The hospital ultimately responded that, other than a single document deemed responsive to the request for policies/procedures, it had no other responsive information. As to the lone document identified as responsive, the hospital refused to produce it on the ground that it was not relevant to the litigation.

The state responded with a deposition subpoena seeking Rule 30(b)(6) testimony related to 13 topics, including the “process” the hospital used to search for potentially relevant documents and to determine it had identified responsive documents, the volume of documents located in attempting to identify responsive documents, whether it searched “all hospital, departmental, individual healthcare provider documents, and individual patient medical records,” and its system for maintaining records about abortions performed at 18 weeks’ or less gestation.

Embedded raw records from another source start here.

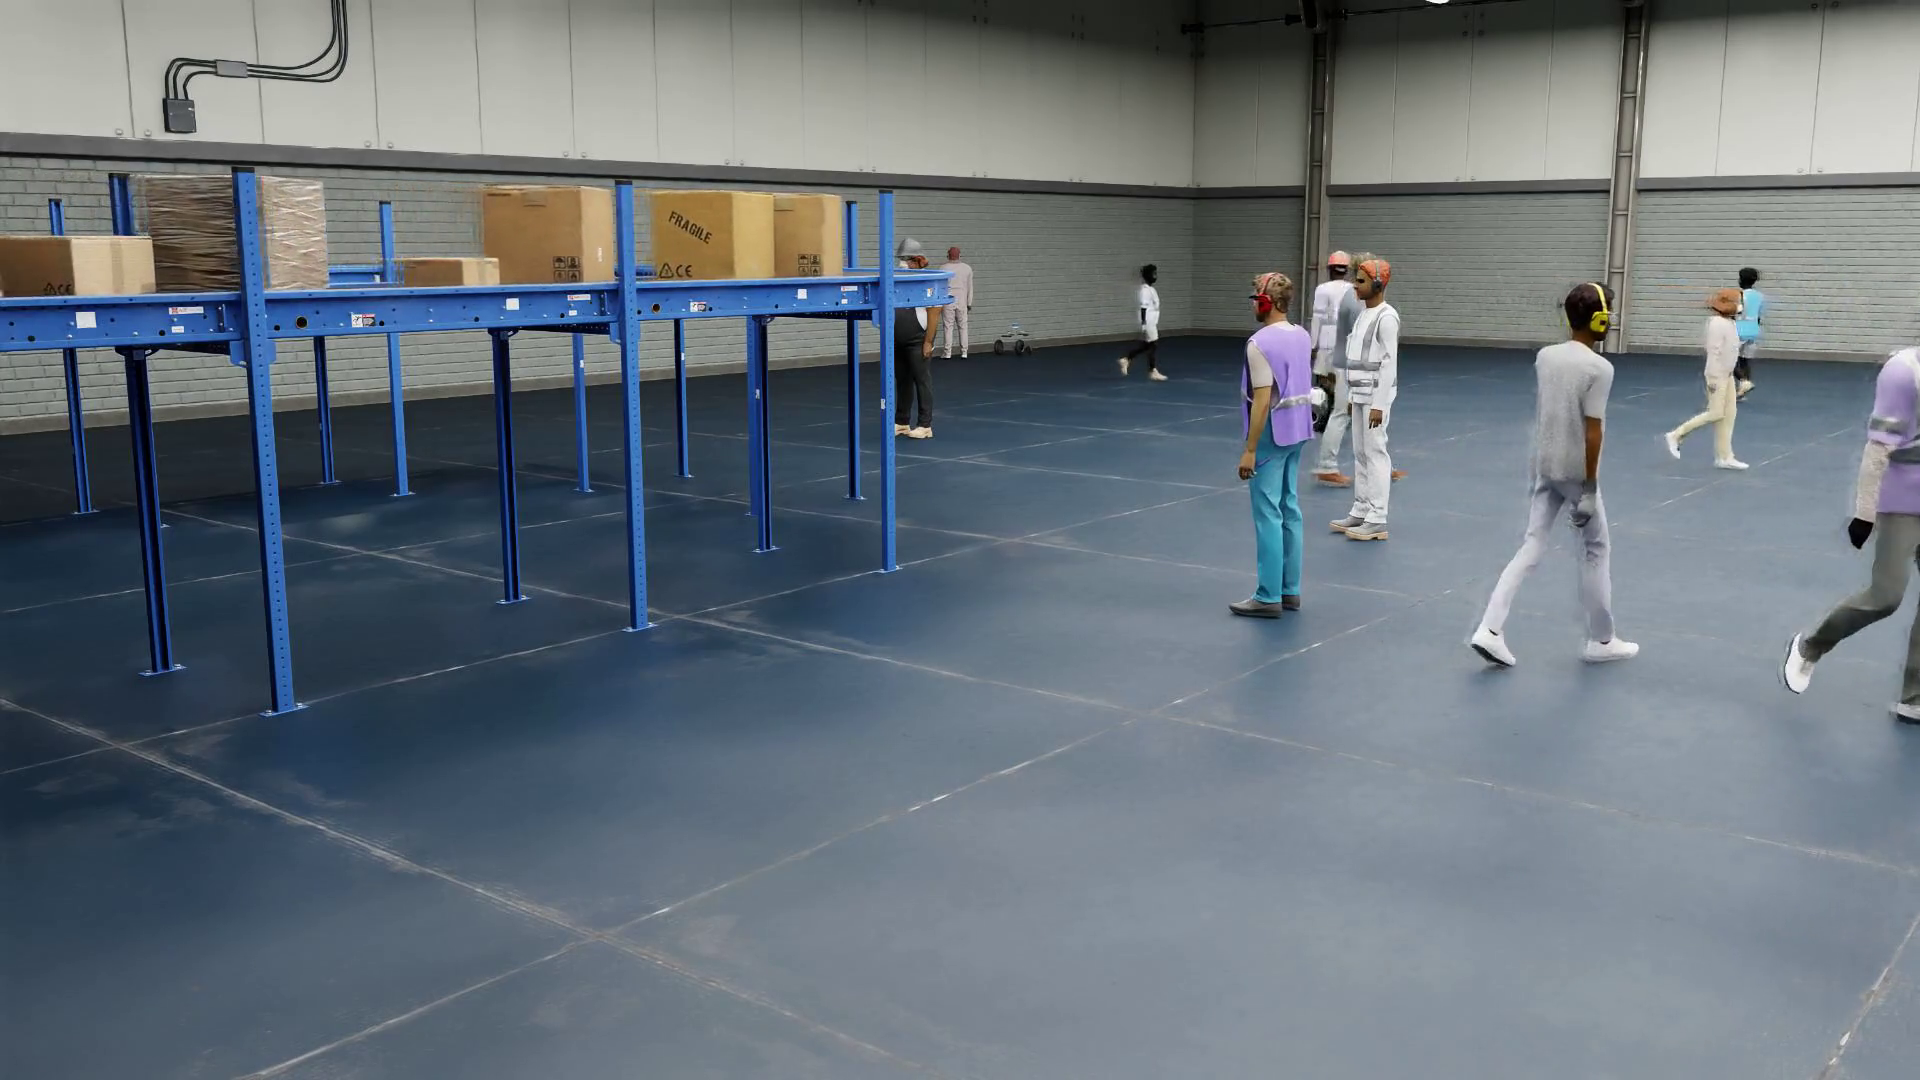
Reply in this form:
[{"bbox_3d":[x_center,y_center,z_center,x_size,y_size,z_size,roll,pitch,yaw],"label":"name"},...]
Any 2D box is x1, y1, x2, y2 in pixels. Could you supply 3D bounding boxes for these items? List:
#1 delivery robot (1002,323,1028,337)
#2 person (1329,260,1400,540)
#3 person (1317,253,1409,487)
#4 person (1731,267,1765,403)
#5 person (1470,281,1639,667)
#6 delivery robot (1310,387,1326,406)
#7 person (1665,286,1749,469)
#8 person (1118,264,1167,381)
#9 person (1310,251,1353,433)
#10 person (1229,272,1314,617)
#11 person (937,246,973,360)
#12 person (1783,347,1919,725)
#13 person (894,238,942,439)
[{"bbox_3d":[0.973,-3.742,29.590,0.335,0.223,0.698,5,11,26],"label":"delivery robot"},{"bbox_3d":[2.781,-0.955,11.328,0.355,1.882,0.576,-1,10,-6],"label":"person"},{"bbox_3d":[3.361,-1.378,13.605,0.878,1.903,0.662,3,11,14],"label":"person"},{"bbox_3d":[9.720,-2.534,20.628,0.552,1.683,0.403,-5,11,-24],"label":"person"},{"bbox_3d":[2.844,-0.306,7.894,0.939,1.835,0.529,-5,11,-26],"label":"person"},{"bbox_3d":[3.630,-1.554,18.182,0.707,0.478,0.477,3,11,16],"label":"delivery robot"},{"bbox_3d":[6.726,-1.454,14.838,0.630,1.613,0.506,9,13,40],"label":"person"},{"bbox_3d":[2.654,-3.154,24.074,0.677,1.672,0.536,3,11,14],"label":"person"},{"bbox_3d":[3.945,-2.047,17.308,0.559,1.909,0.682,-4,11,-23],"label":"person"},{"bbox_3d":[1.708,-0.514,8.985,0.372,1.843,0.570,8,13,37],"label":"person"},{"bbox_3d":[-0.102,-4.031,28.305,0.642,1.909,0.409,-3,11,-16],"label":"person"},{"bbox_3d":[3.970,-0.179,6.977,0.607,1.901,0.667,-4,11,-22],"label":"person"},{"bbox_3d":[-0.531,-2.056,17.108,0.538,2.000,0.682,-9,14,-41],"label":"person"}]
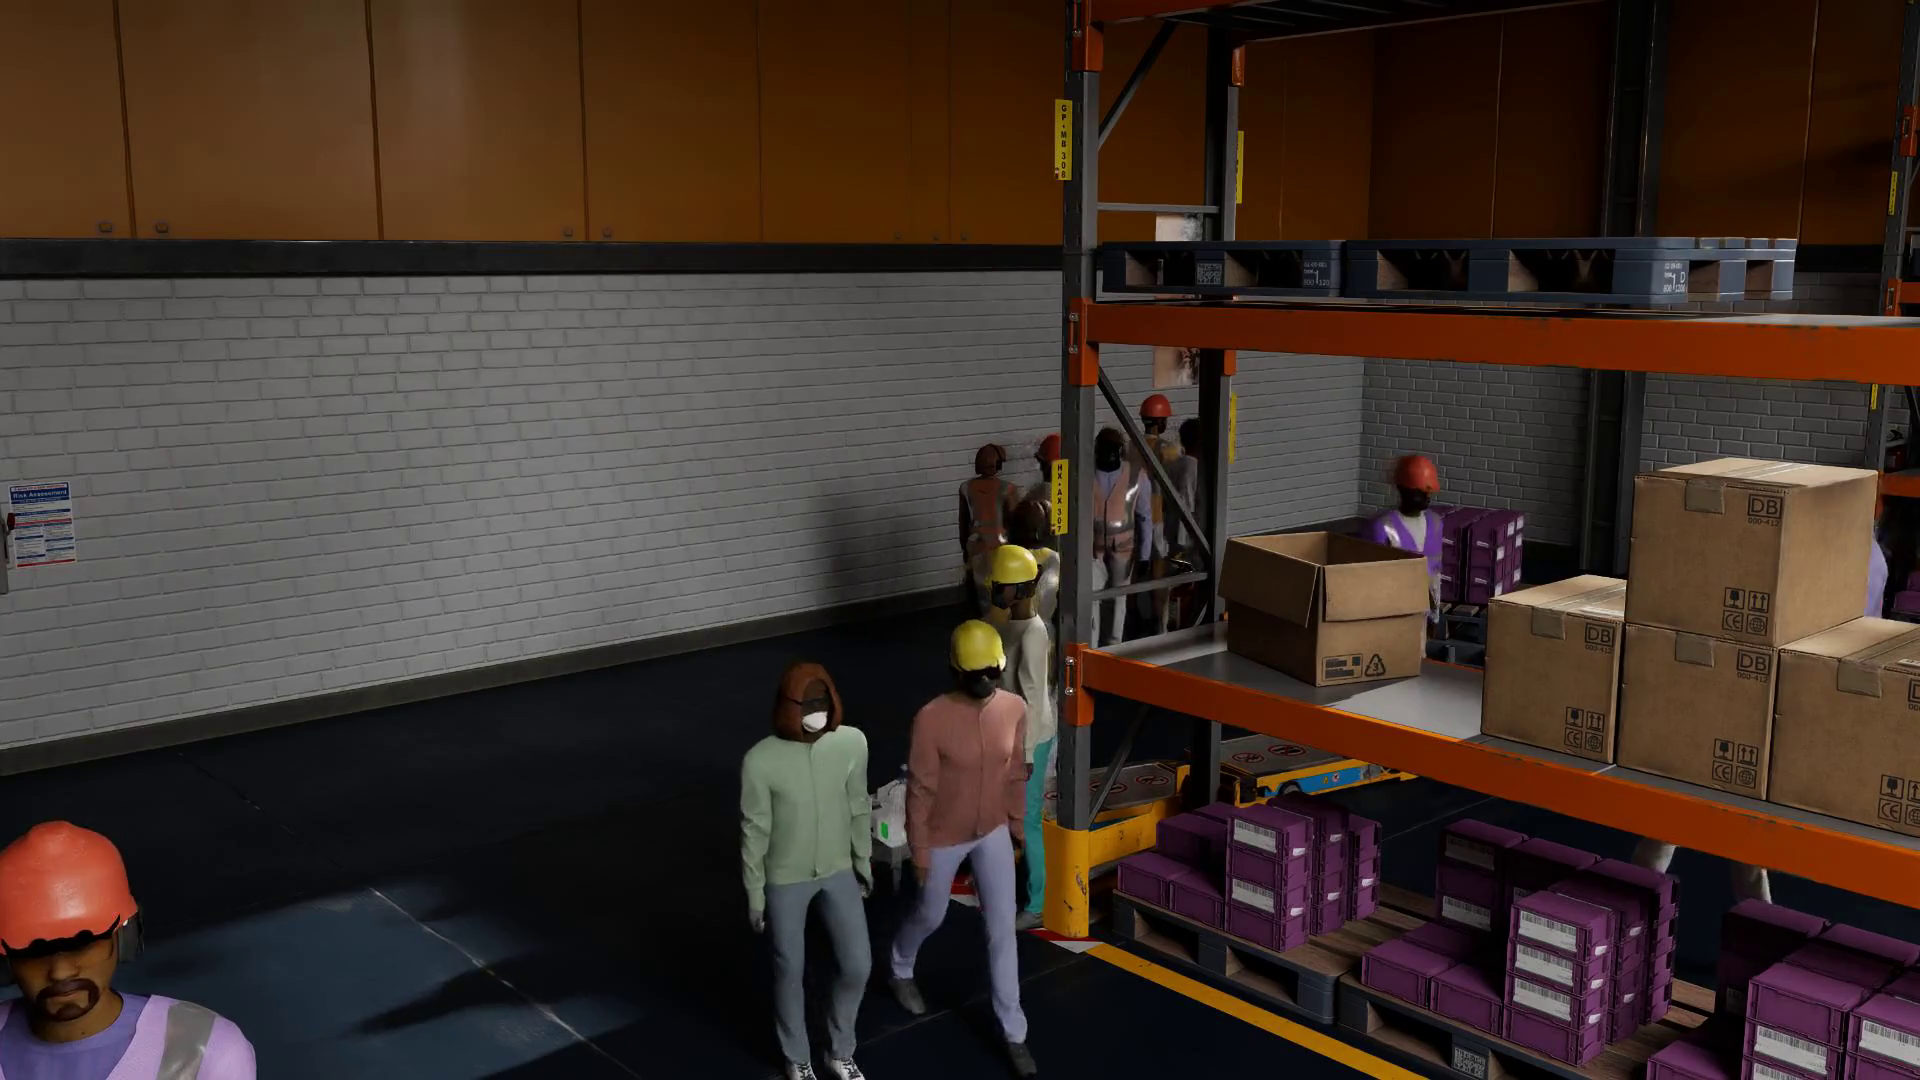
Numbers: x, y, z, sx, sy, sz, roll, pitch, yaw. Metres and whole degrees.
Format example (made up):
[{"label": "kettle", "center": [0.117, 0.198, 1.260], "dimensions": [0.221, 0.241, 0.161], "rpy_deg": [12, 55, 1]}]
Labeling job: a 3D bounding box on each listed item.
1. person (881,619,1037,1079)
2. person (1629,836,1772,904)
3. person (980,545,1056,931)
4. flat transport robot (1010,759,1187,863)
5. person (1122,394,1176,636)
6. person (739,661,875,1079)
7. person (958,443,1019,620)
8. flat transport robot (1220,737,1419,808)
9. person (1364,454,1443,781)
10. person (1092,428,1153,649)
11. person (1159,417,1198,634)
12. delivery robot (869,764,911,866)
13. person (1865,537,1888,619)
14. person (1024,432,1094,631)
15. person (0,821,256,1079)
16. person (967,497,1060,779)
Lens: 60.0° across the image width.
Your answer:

The hospital moved to quash the deposition subpoena, and the state filed a cross-motion to enforce the subpoena and to compel the hospital to produce the policies/procedures document.

In July, Magistrate Judge Debra McVicker Lynch granted the hospital’s request to quash the deposition subpoena but also granted the state’s motion to compel the hospital to produce the single responsive document it had identified but refused to turn over.

In its objection, the state argued the magistrate judge committed clear error in denying it the opportunity to depose the hospital regarding its search for records, but Senior Judge Sarah Evans Barker disagreed and overruled the objection in a Dec. 3 order.

“In reaching her determination, the Magistrate Judge carefully considered and thoroughly addressed each argument advanced by the State regarding the Hospital’s alleged bad faith, including, inter alia, what the State characterizes as the Hospital’s ‘improper’ delay in responding to the subpoena, ‘hostility’ to the State’s position, ‘improper’ objections to discovery, and ‘evasive’ and ‘inconsistent’ statements during the meet and confer process,” Barker wrote. “After a careful review of the facts, we see no clear legal or factual error in the Magistrate Judge’s well-reasoned analysis, and, for the same reasons set forth in the Order, are likewise not persuaded that the Hospital’s conduct evinces a lack of good faith in its efforts to comply with the State’s discovery requests.

“… Far from being clearly erroneous or contrary to law, this conclusion aligns with the broad powers Rule 45 provides courts to protect nonparties from undue burden or expense,” Barker continued. “For these reasons, contrary to Defendants’ contentions, the Magistrate Judge’s Order is a correct exercise of the court’s broad discretion in controlling discovery and is consistent with the Federal Rules of Civil Procedure.”